§ PROVIDED RECORDS
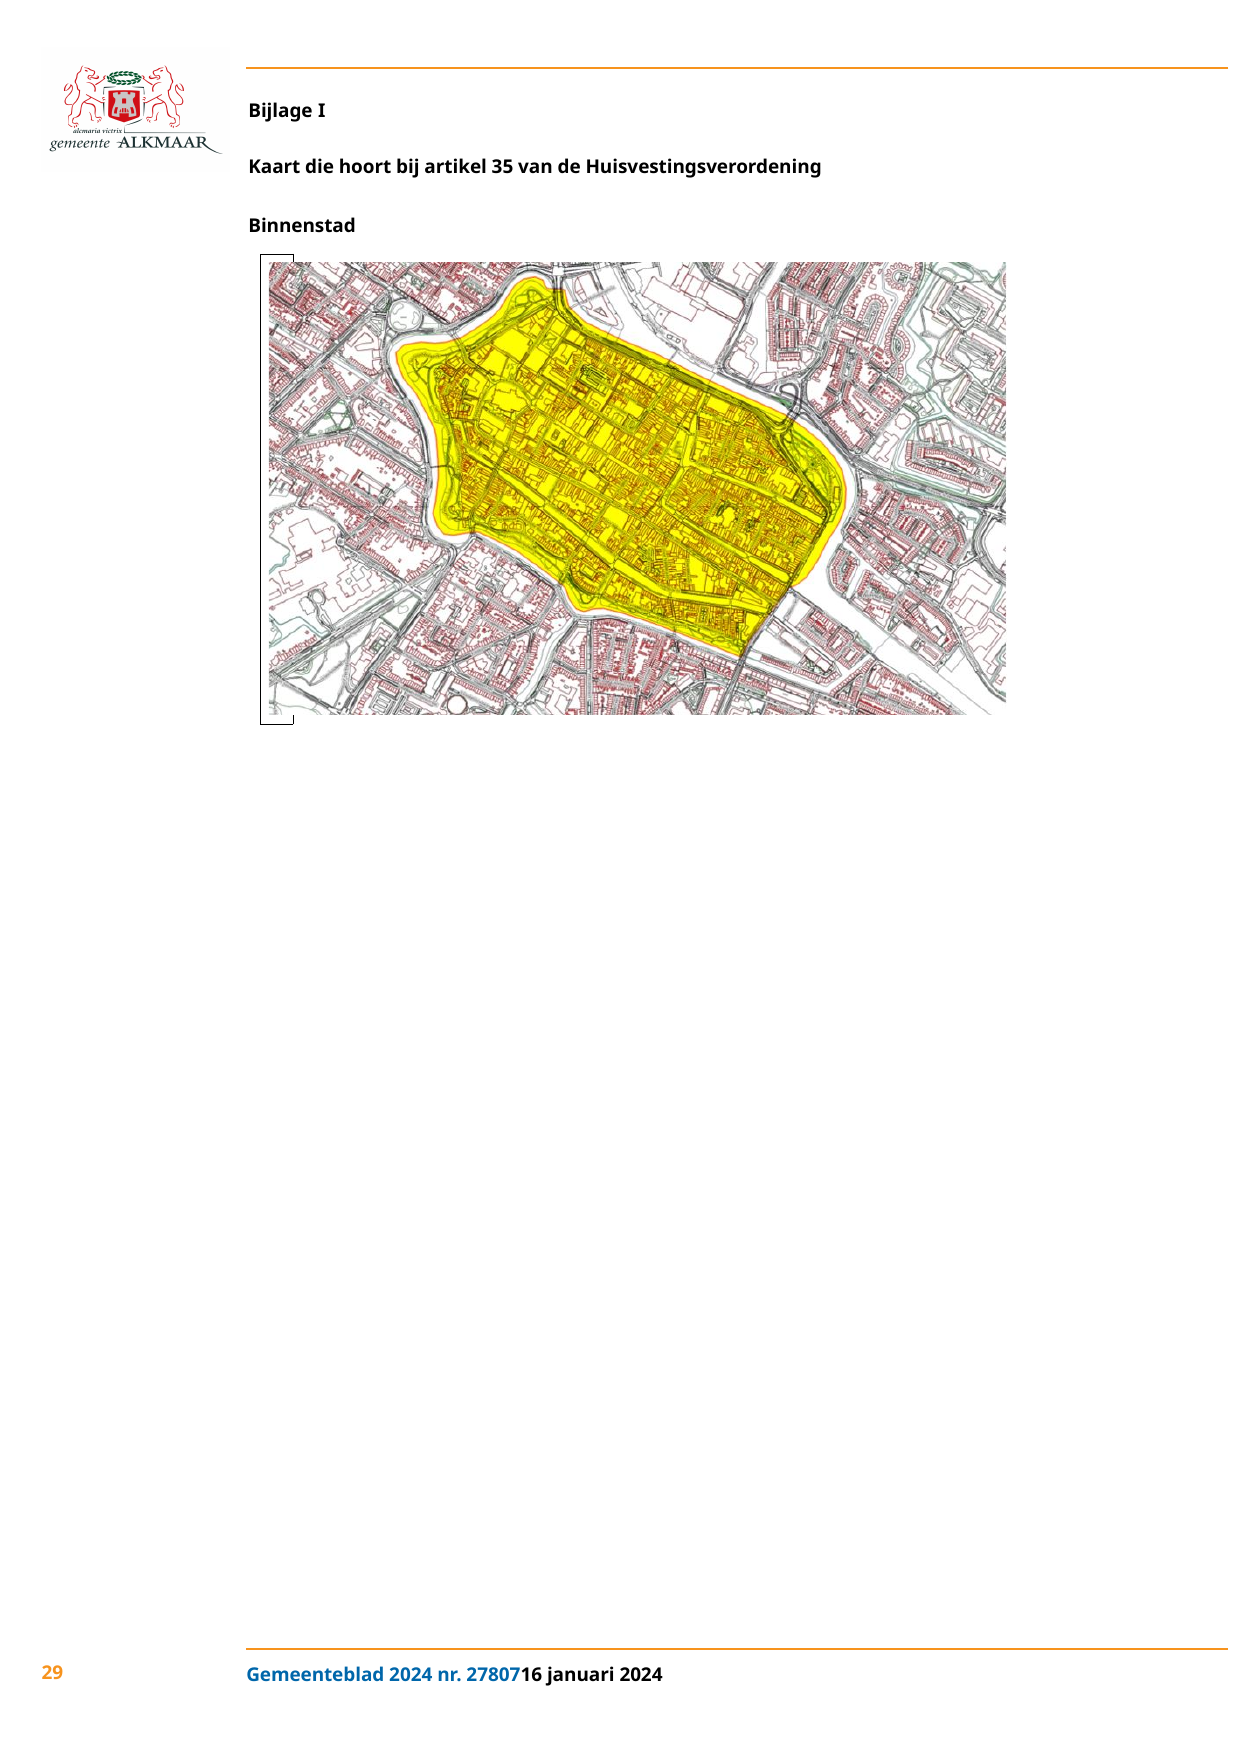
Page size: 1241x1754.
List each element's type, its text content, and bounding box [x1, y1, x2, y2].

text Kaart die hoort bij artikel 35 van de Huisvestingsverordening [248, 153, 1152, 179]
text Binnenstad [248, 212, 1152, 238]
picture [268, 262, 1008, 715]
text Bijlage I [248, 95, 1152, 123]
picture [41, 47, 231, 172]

§ WHAT IS EXPECTED
Will you restate every entry word for word and omit the images?

§ SOLUTION TO THIS EXERCISE
Page size: 1241x1754.
List each element's type, its text content, and bounding box [x1, y1, x2, y2].

text Kaart die hoort bij artikel 35 van de Huisvestingsverordening [248, 153, 1152, 179]
text Binnenstad [248, 212, 1152, 238]
picture [268, 262, 1008, 715]
text Bijlage I [248, 95, 1152, 123]
picture [41, 47, 231, 172]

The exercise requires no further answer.